Listed entries
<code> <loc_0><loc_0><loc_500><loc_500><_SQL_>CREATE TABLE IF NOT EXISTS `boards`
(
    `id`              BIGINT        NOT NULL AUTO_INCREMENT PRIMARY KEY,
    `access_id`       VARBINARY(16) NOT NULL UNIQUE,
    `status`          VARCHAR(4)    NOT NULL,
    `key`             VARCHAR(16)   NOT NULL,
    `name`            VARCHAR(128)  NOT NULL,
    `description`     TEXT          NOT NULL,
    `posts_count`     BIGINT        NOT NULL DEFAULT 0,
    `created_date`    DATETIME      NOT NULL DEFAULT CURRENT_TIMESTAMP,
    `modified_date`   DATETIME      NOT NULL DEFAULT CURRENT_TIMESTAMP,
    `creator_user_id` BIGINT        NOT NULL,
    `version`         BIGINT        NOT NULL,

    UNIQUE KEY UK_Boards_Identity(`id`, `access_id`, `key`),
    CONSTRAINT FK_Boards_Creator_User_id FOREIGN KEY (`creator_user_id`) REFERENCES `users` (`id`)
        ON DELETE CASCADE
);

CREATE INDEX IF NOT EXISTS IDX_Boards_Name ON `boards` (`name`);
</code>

What to work on
The output must consist solely of the lines from the one containing "CONSTRAINT FK_Boards_Creator_User_id FOREIGN" through the end of the listing, unaltered.

Answer area
    CONSTRAINT FK_Boards_Creator_User_id FOREIGN KEY (`creator_user_id`) REFERENCES `users` (`id`)
        ON DELETE CASCADE
);

CREATE INDEX IF NOT EXISTS IDX_Boards_Name ON `boards` (`name`);
</code>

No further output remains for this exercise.